対応プラットフォームはSteamとNintendo Switchだ。

『Eastward』(イーストワード)の概要

『Eastward』とはChucklefishから公開された、美麗なピクセルアートで廃墟世界を表現したアクションアドベンチャーゲーム。「タタリ」という厄災によって滅びかけた世界を、料理上手で寡黙な男・ジョンと不思議な力を持った少女・珊(サン)が列車に乗って冒険するストーリーだ。対応プラットフォームはSteamとNintendo Switch。
細部まで徹底的に拘り抜かれたドット絵で表現される終末世界と、個性的で表情豊かなキャラクターが魅力だ。コミカルで明るいキャラクターたちとは裏腹に、シビアな世界観と過酷なストーリーが繰り広げられる。
2023年冬のホリデーシーズンに大型DLC「よみがえれ!カモメ町」がリリースされた。「タタリ」とは無縁のパラレルワールドを舞台に、ジョンと珊が農業や町の復興、住民との交流を楽しむというコンテンツだ。
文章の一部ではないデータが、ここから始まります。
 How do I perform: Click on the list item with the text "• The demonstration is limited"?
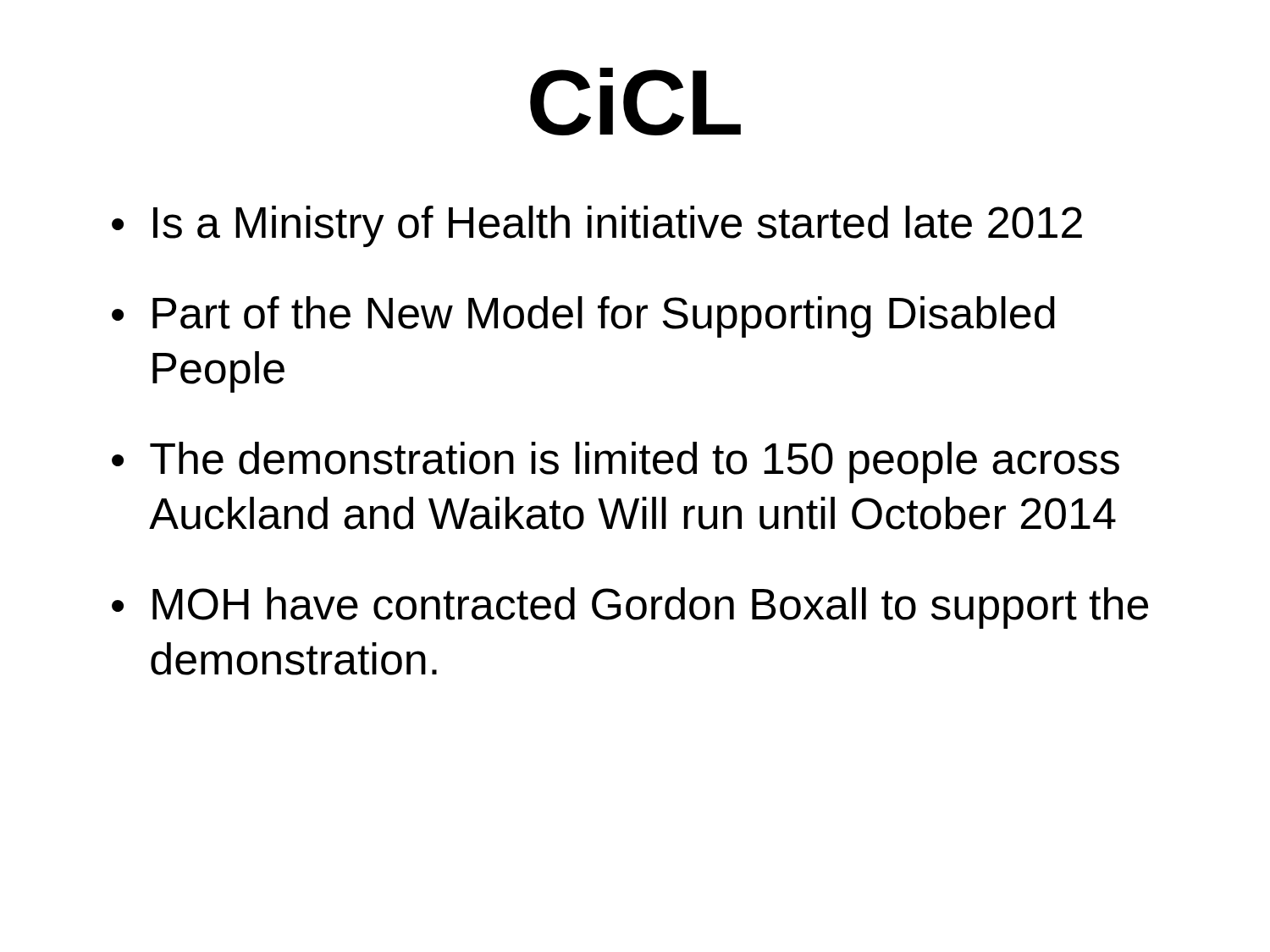[x=648, y=487]

『Eastward』(イーストワード)のあらすじ・ストーリー

ポットクロック島

ポットクロック島を歩くジョン(中央左)と珊(中央右)。

「タタリ」という災害が世界を覆いつくそうとしている終末世界。タタリから逃れて地下に向かった人々が作った「ポットクロック島」という村があった。主人公のジョンはポットクロック島の炭鉱夫として働く、ひげもじゃで寡黙な男だ。あるときジョンは仕事中に、不思議なカプセルに入った少女・珊(サン)を発見する。ジョンが見つける前のことを何も覚えていない珊は、そのままジョンと暮らし始めた。世間知らずだが天真爛漫な珊と、無口だが優しく料理上手のジョンはよい家族になっていった。
ポットクロック島では地上の話をすることは禁忌とされている。タタリによって滅んだ恐ろしい場所だからだ。地上に夢を見る人間は愚か者とされ、「美しい地上を見た」と言って村を出ていった男・ウィリアムの息子のダニエルは学校でひどい苛めにあっていた。他の子ども達と同様に学校に行くことになった珊は、ダニエルを苛めから助けて仲良くなる。
珊には「地上には美しい空と大地がある」という確信があり、ジョンにそれを見せてあげたいと思っていた。禁忌を破って外に出てしまった珊とジョンは専制政治を敷いているホフマン町長に目をつけられ、追放処分を受けることになってしまう。村の外れに通っている線路にやってくる怪物のようなもの(列車)に入れられて、珊とジョンは外の世界へと旅立った。

グリーンバーグ

グリーンバーグを歩くジョン(中央左)と珊(中央右)。

ジョンと珊を乗せた列車は、青く澄み渡った空と、瑞々しい緑に覆われた大地の中を走っていった。やがて列車は駅に停車し、ジョンと珊が下車すると列車は去っていった。
駅は緑豊かな山の中にあった。ジョンと珊が森の中を歩いて行くと、ひとりの女性に出会った。彼女はユヴァといって、近くにある村「グリーンバーグ」に住んでいるという。ユヴァはジョンと珊をグリーンバーグに連れていき、住民たちに紹介した。村は農業と畜産業を生業としており、素朴で穏やかな住民たちが暮らしていた。ジョンと珊は住民たちに歓迎され、仕事を手伝う。家畜を荒らす生物の調査を依頼されたジョンと珊が森の中を進んでいくと、大きなロボットが襲い掛かってきた。ロボットが出てきた建物の中にはかつて珊が入っていたカプセルに似た機械が並んでおり、「ブリーダーロボット」というロボットが働いている怪しげな施設だった。
ジョンと珊は収穫祭に参加し、楽しい時間を過ごす。ユヴァは寡黙だが心の優しいジョンに惹かれているようだった。だがその日の深夜、異変が起きる。村はずれの家にいたジョンと珊のもとに見たことのない金髪の女性が訪れ、「タタリがきている、すぐに駅まで逃げて」と言うのだ。ジョンと珊は村人たちのことを女性に任せ、触れるだけで人間を死に至らしめるタタリをかわしながら駅へ走った。さらに、意識を失った珊の脳裏に別の人格のようなものが現れる。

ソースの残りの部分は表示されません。